Читать книгу Ecosystem Crises Interactions - Merrill Singer - Страница 12
1.1 Connections
ОглавлениеThis book is about connections, often unexpected links in a complex world. It brings together detailed information about seemingly disparate subjects. In the process, the growing air traffic of Miami International Airport is shown to be connected to the city’s low‐lying status in the ocean, to the use of sediment rock in the area’s hydraulic and drinking water filtration systems, and to king and red tides. Elsewhere, the connections are examined between the climate of Earth and human evolution, the peopling of the world, and the historic development of modern society. Also of concern are the multiple ways national and international development under capitalism are entwined with deforestation, coral die‐off, emergent infectious disease, and mounting food insecurity around the world. This list could go on, but the basic point is that a holistic perspective on diverse issues is needed in the investigation of the interaction of contemporary ecological dangers, human behavior, and health.

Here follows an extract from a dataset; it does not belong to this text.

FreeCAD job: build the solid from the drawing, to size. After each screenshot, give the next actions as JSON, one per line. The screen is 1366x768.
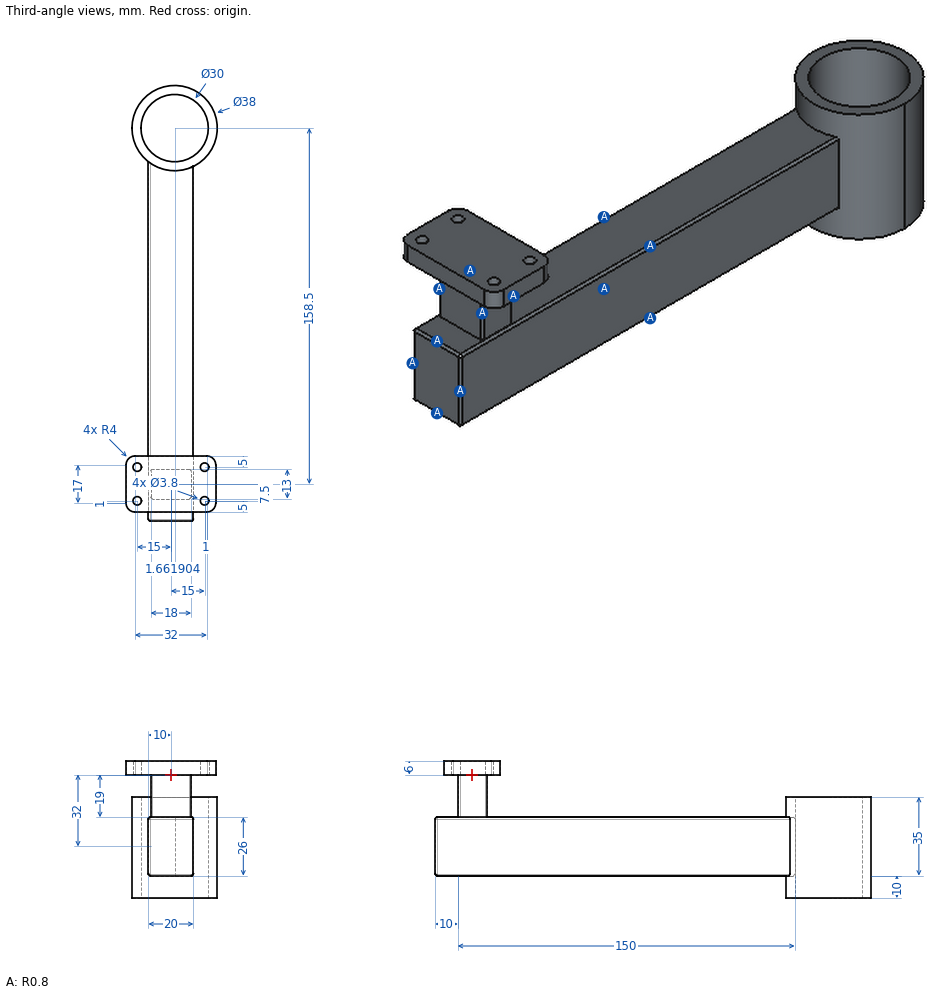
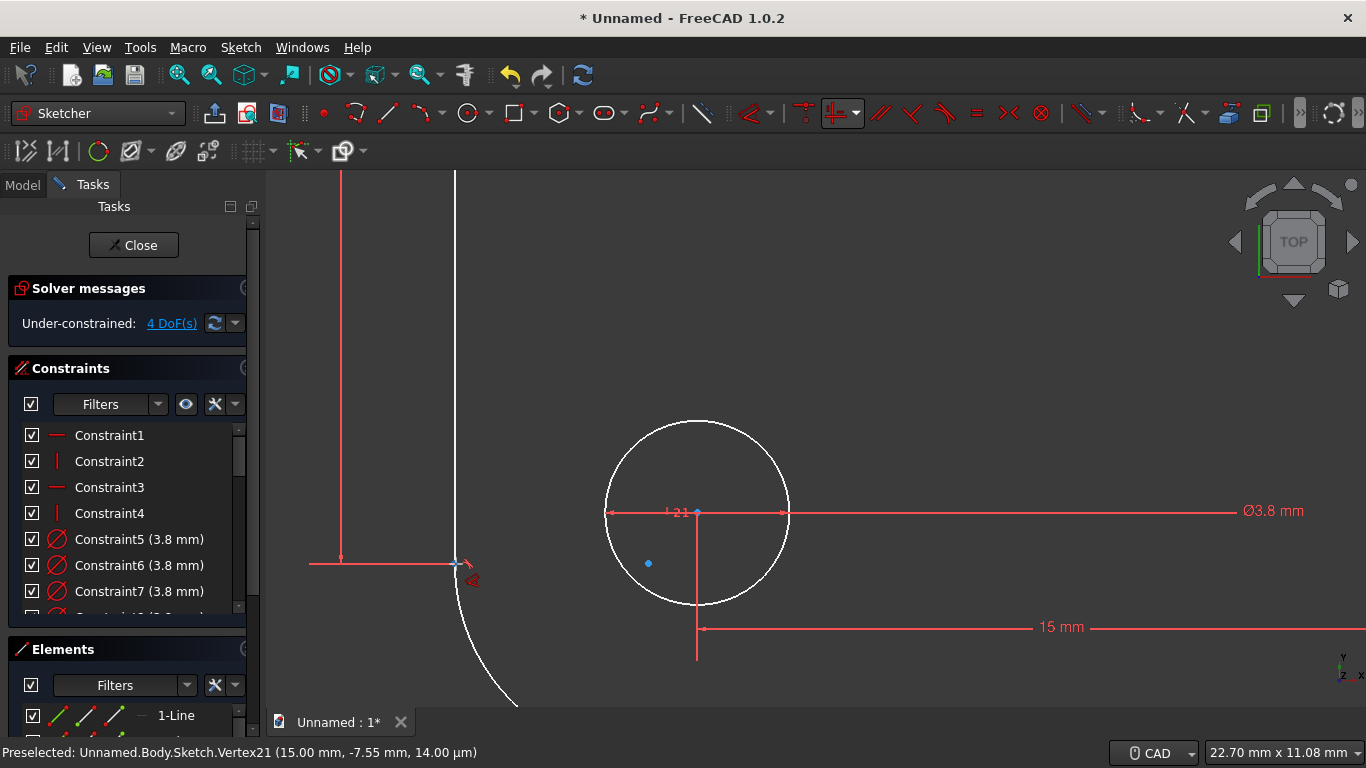
{"action": "left_click", "coordinate": [455, 564]}

In visiting ecocrises around the globe, from U.S. nuclear waste buried below the melting glaciers of Iceland to the deteriorating asbestos cement used to construct homes in Australia, and many other catastrophes in many places in between, a considerable amount of detail is offered. Why such a thoroughgoing approach to cases and examples? Because, while there are redundancies reflective of the unfortunate fact that in countless ways adverse elements of environmental history repeat themselves, it is by knowing a multitude of events that the patterns and their determinants are brought into sight. In this way, we begin to see the forest through the trees. It is a critical moment for this task, as the logger’s saw, intensifying wildfires, climate change‐induced pest invasions, drought, global warming, and over‐extraction conspire to denude the planet of oxygen‐generating forests, depopulate the oceans, melt the cryosphere, and put human well‐being at risk.